* **WHAT TO WORK ON**: Set every record down again exactly. Do not carry over the pictures.
※ ※ ※
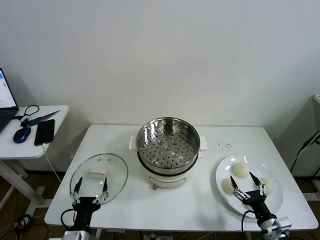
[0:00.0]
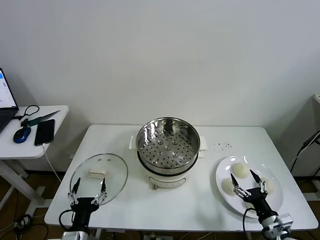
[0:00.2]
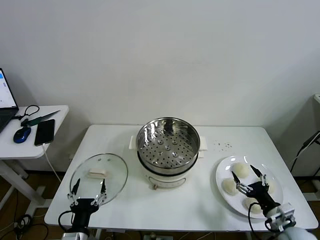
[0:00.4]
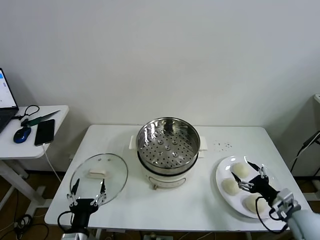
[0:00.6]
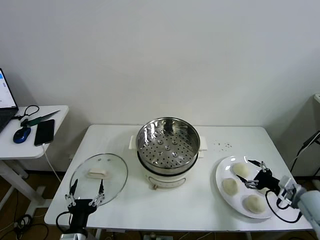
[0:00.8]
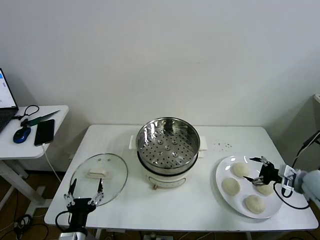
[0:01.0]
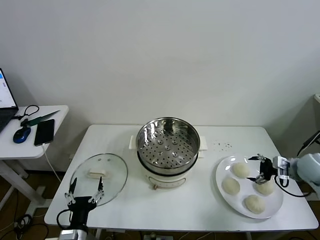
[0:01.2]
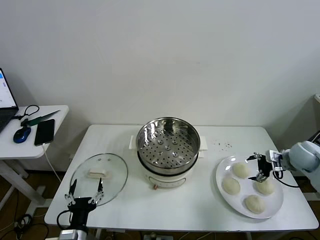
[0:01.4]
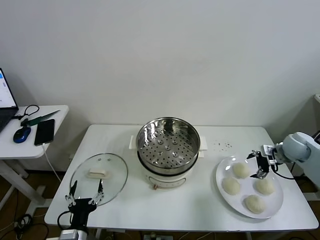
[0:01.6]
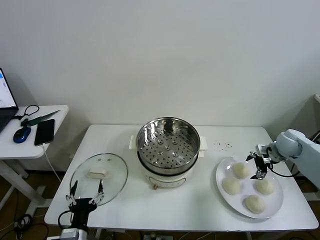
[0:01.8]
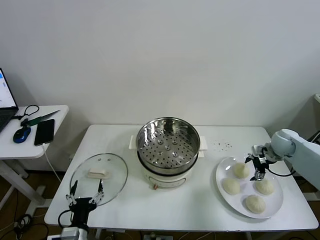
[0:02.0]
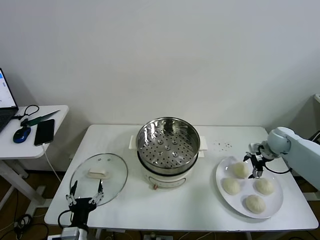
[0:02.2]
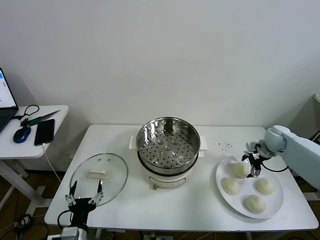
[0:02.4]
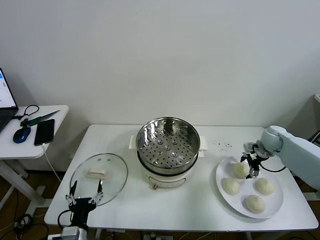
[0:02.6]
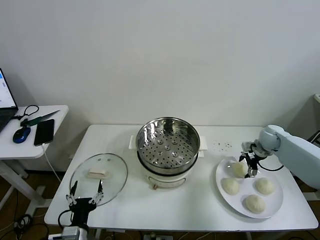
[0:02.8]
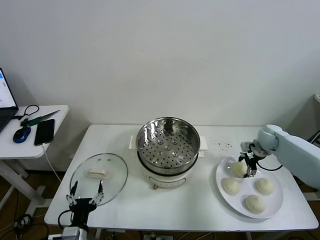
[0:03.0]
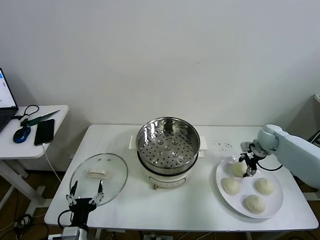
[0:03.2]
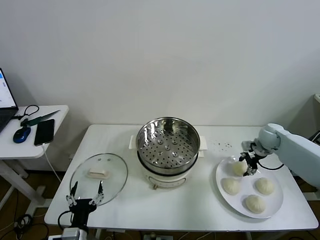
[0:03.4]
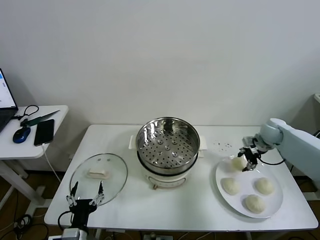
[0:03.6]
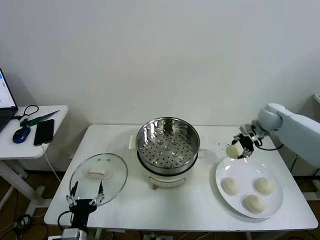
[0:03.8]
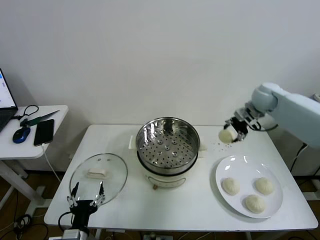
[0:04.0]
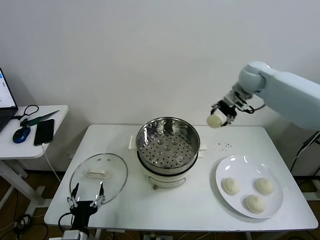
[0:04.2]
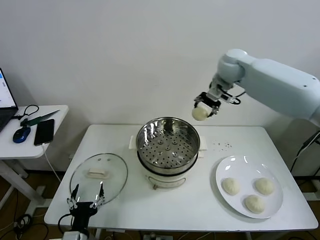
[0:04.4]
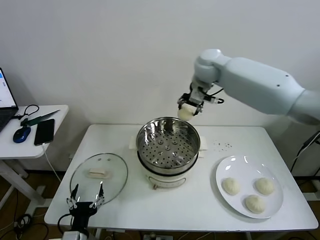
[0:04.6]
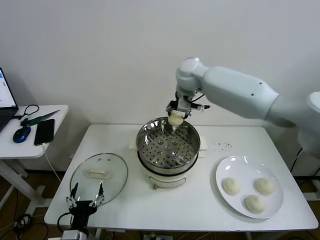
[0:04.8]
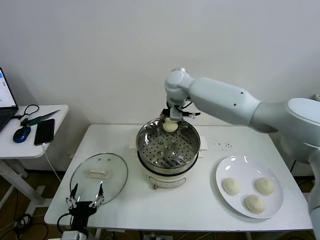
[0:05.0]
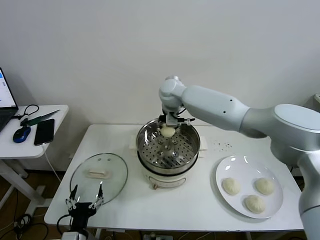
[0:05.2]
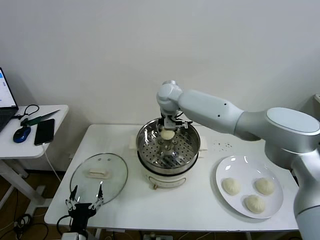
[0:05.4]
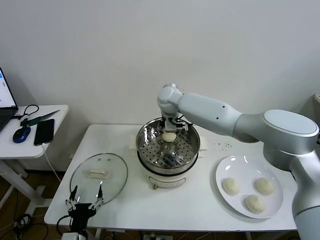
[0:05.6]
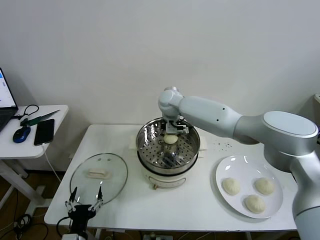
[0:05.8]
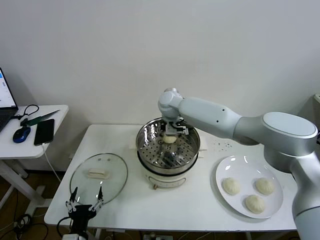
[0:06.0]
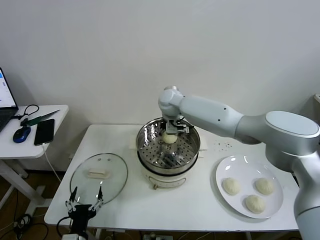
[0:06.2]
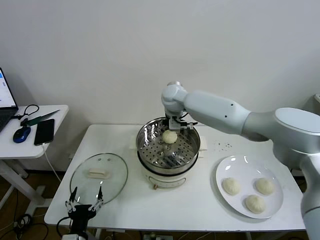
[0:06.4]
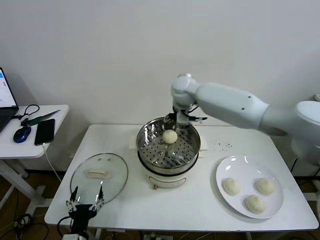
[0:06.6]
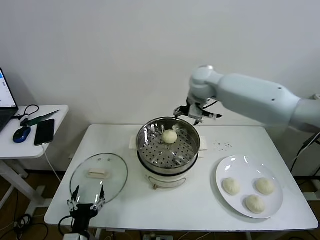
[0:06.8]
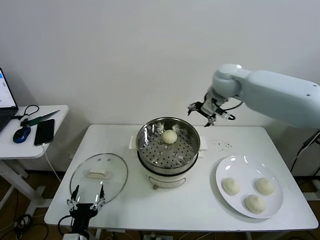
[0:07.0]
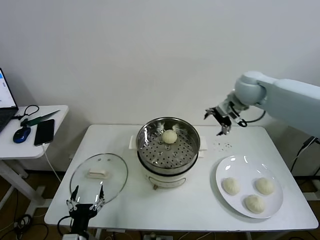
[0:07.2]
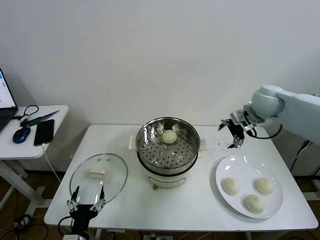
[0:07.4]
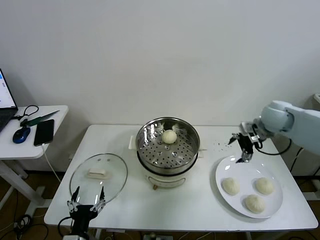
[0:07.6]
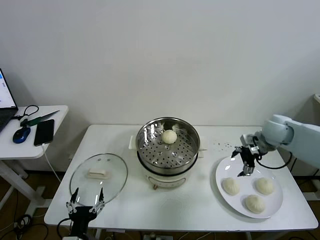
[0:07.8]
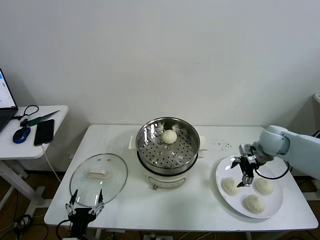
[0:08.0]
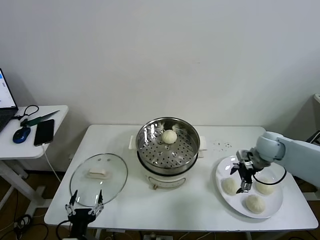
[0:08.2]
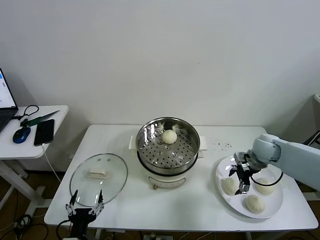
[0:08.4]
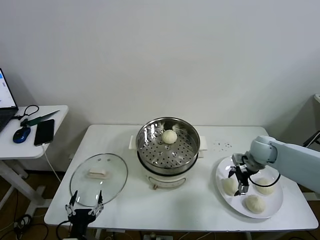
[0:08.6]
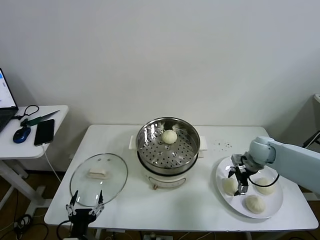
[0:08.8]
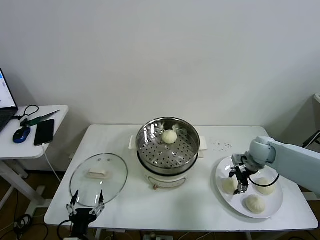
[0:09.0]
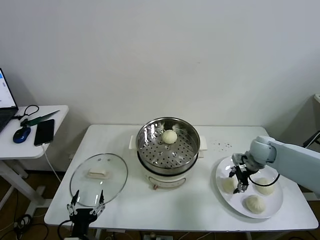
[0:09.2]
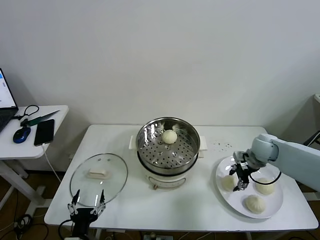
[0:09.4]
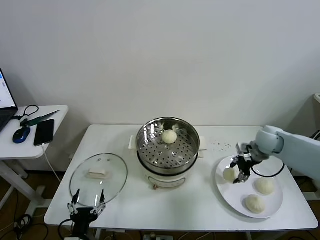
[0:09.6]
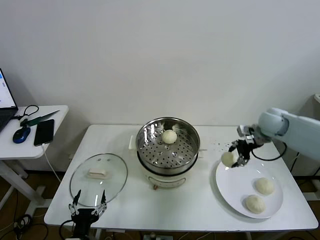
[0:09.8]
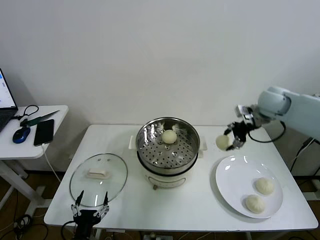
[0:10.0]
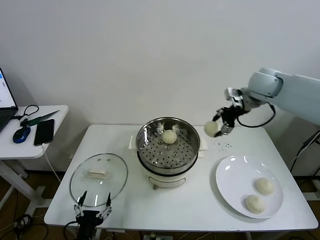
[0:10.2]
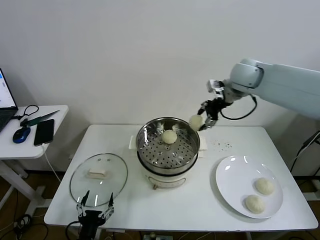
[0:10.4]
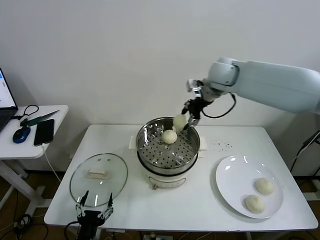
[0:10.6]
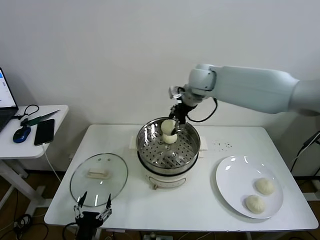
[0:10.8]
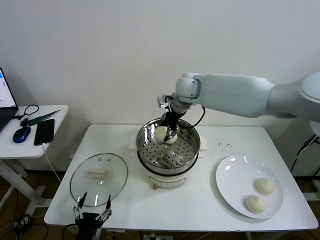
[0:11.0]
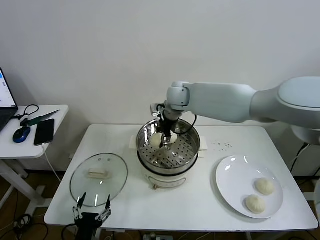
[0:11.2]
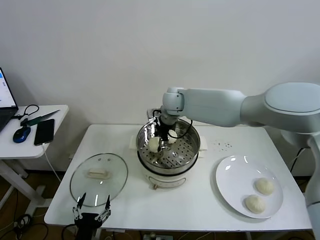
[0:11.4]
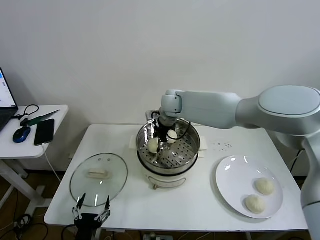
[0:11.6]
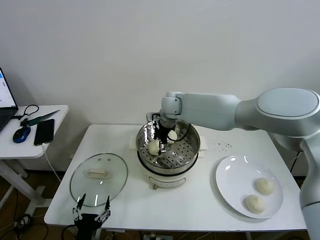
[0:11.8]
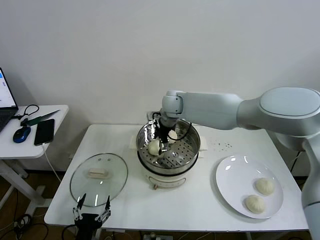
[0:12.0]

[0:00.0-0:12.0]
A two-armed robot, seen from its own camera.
Task of the whole recording: take steamed baozi put them in steamer then cover it.
Step, 0.0 to 3.2 s: Grasp the baozi in the plate with right gripper.
Step, 3.4 to 6.0 s: Place the baozi on the steamer with right gripper.
Step, 6.2 to 9.0 s: Grasp the baozi in the plate with right gripper.
Step, 9.4 to 12.0 s: Place the baozi on the steamer with right gripper.
1.6 to 3.0 s: The right gripper travels forward by about 5 cm, and closes up.
3.0 to 4.4 s: The right gripper travels upward and to the left by approximately 35 cm, and closes up.
4.4 to 6.0 s: The right gripper shifts approximately 20 cm to the left and downward, and opens up.
6.0 to 7.6 s: The right gripper is displaced to the right by approximately 35 cm.
7.6 to 9.0 s: The right gripper is displaced downward by some 15 cm, and closes up.
9.0 to 10.4 s: The right gripper shifts approximately 30 cm upward and to the left.
10.4 to 12.0 s: The right gripper heads to the left and downward, covering about 20 cm, and opens.
※ ※ ※
* **WRITTEN ANSWER**:
[0:00.0]
[0:00.2]
[0:00.4]
[0:00.6]
[0:00.8]
[0:01.0]
[0:01.2]
[0:01.4]
[0:01.6]
[0:01.8]
[0:02.0]
[0:02.2]
[0:02.4]
[0:02.6]
[0:02.8]
[0:03.0]
[0:03.2]
[0:03.4]
[0:03.6]
[0:03.8]
[0:04.0]
[0:04.2]
[0:04.4]
[0:04.6]
[0:04.8]
[0:05.0]
[0:05.2]
[0:05.4]
[0:05.6]
[0:05.8]
[0:06.0]
[0:06.2]
[0:06.4]
[0:06.6]
[0:06.8]
[0:07.0]
[0:07.2]
[0:07.4]
[0:07.6]
[0:07.8]
[0:08.0]
[0:08.2]
[0:08.4]
[0:08.6]
[0:08.8]
[0:09.0]
[0:09.2]
[0:09.4]
[0:09.6]
[0:09.8]
[0:10.0]
[0:10.2]
[0:10.4]
[0:10.6]
[0:10.8]
[0:11.0]
[0:11.2]
[0:11.4]
[0:11.6]
[0:11.8]
[0:12.0]

[0:00.0-0:12.0]
A two-armed robot, seen from its own camera.
Task of the whole recording: take steamed baozi put them in steamer then cover it.
Step, 0.0 to 3.2 s: Grasp the baozi in the plate with right gripper.
Step, 3.4 to 6.0 s: Place the baozi on the steamer with right gripper.
Step, 6.2 to 9.0 s: Grasp the baozi in the plate with right gripper.
Step, 9.4 to 12.0 s: Place the baozi on the steamer with right gripper.
1.6 to 3.0 s: The right gripper travels forward by about 5 cm, and closes up.
3.0 to 4.4 s: The right gripper travels upward and to the left by approximately 35 cm, and closes up.
4.4 to 6.0 s: The right gripper shifts approximately 20 cm to the left and downward, and opens up.
6.0 to 7.6 s: The right gripper is displaced to the right by approximately 35 cm.
7.6 to 9.0 s: The right gripper is displaced downward by some 15 cm, and closes up.
9.0 to 10.4 s: The right gripper shifts approximately 30 cm upward and to the left.
10.4 to 12.0 s: The right gripper heads to the left and downward, covering about 20 cm, and opens.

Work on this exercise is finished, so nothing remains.